The energy could be felt the second you stepped down into the park. A dozen or so small tents held a beautiful selection of homemade art and goods, such as hats, skateboards and clothes, all made by local artists. 

Deeper into the park, the lawn was taken over by food trucks and the smell of sandwiches, ice cream, fried deliciousness and empanadas of all sorts. This is, of course, fitting for New Brunswick, considering the town’s love for delicious greasy cuisine.

The highlight of Hub City sounds though is, of course, the music. From 12 to 6 p.m. a variety of local artists took to the stages set up on each side of the DIY market. One stage had louder music for people to actively enjoy, while there was a softer acoustic set as a background for shoppers to browse to.

The music on the main stage was all technically rock, but it showed the wide variety of sound within the genre.
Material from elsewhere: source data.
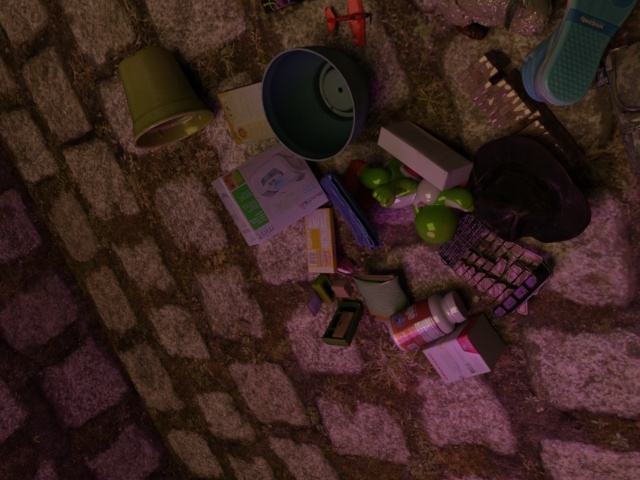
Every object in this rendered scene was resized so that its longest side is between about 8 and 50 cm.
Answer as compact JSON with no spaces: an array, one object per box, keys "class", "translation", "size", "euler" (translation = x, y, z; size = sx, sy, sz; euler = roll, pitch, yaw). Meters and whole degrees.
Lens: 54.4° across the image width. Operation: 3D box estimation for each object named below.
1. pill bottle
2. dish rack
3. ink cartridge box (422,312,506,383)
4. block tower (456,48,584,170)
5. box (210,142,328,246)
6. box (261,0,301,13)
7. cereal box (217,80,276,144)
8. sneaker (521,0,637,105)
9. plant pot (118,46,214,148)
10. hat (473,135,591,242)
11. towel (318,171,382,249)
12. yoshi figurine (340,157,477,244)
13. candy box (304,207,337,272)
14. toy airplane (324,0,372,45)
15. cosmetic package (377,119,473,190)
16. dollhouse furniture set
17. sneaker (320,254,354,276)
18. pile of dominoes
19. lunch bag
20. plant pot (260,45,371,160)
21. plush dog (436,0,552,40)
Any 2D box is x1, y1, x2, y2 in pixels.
[{"class":"pill bottle","translation":[0.316,0.232,1.826],"size":[0.216,0.121,0.121],"euler":[-30,97,24]},{"class":"dish rack","translation":[0.446,0.059,1.646],"size":[0.271,0.074,0.208],"euler":[47,137,17]},{"class":"ink cartridge box","translation":[0.419,0.317,1.821],"size":[0.176,0.127,0.128],"euler":[-31,96,45]},{"class":"block tower","translation":[0.466,-0.282,1.434],"size":[0.335,0.091,0.097],"euler":[52,136,-1]},{"class":"box","translation":[-0.152,-0.145,1.875],"size":[0.231,0.262,0.127],"euler":[60,160,-7]},{"class":"box","translation":[-0.101,-0.688,1.670],"size":[0.162,0.029,0.116],"euler":[-4,114,38]},{"class":"cereal box","translation":[-0.195,-0.395,1.915],"size":[0.240,0.047,0.173],"euler":[-2,115,39]},{"class":"sneaker","translation":[0.518,-0.430,1.287],"size":[0.127,0.208,0.319],"euler":[27,97,-5]},{"class":"plant pot","translation":[-0.518,-0.466,1.999],"size":[0.276,0.276,0.254],"euler":[-24,89,44]},{"class":"hat","translation":[0.448,-0.085,1.457],"size":[0.331,0.134,0.331],"euler":[46,162,20]},{"class":"towel","translation":[0.073,-0.079,1.761],"size":[0.243,0.040,0.336],"euler":[56,177,-3]},{"class":"yoshi figurine","translation":[0.229,-0.094,1.655],"size":[0.362,0.203,0.203],"euler":[15,126,35]},{"class":"candy box","translation":[0.000,0.000,1.978],"size":[0.105,0.027,0.206],"euler":[-1,96,37]},{"class":"toy airplane","translation":[0.068,-0.576,1.607],"size":[0.151,0.028,0.151],"euler":[19,125,29]},{"class":"cosmetic package","translation":[0.262,-0.220,1.583],"size":[0.239,0.099,0.060],"euler":[44,137,34]},{"class":"dollhouse furniture set","translation":[0.121,0.219,1.940],"size":[0.301,0.151,0.197],"euler":[-2,136,38]},{"class":"sneaker","translation":[0.039,0.089,2.028],"size":[0.170,0.063,0.075],"euler":[15,128,33]},{"class":"pile of dominoes","translation":[0.486,0.067,1.693],"size":[0.251,0.040,0.196],"euler":[31,133,30]},{"class":"lunch bag","translation":[0.709,-0.283,1.172],"size":[0.305,0.212,0.256],"euler":[-14,90,42]},{"class":"plant pot","translation":[0.015,-0.382,1.652],"size":[0.293,0.196,0.293],"euler":[19,126,28]},{"class":"plush dog","translation":[0.334,-0.536,1.332],"size":[0.225,0.210,0.262],"euler":[13,128,61]}]

In two hours the music changed from a bluesy rock to calmer relaxing vibes, to a seven-piece band with two rappers and some very intense show antics. But no matter what was playing, everything looked and sounded great, a reflection on the richness of the local music scene throughout the rest of the year.

This event was organized by Bob Makin, an active and passionate music writer in New Jersey. He introduced every band and reminded all the attendees how important the New Brunswick music scene. 

This collective of beautiful experiences and community members was a great time for the many musically inclined students.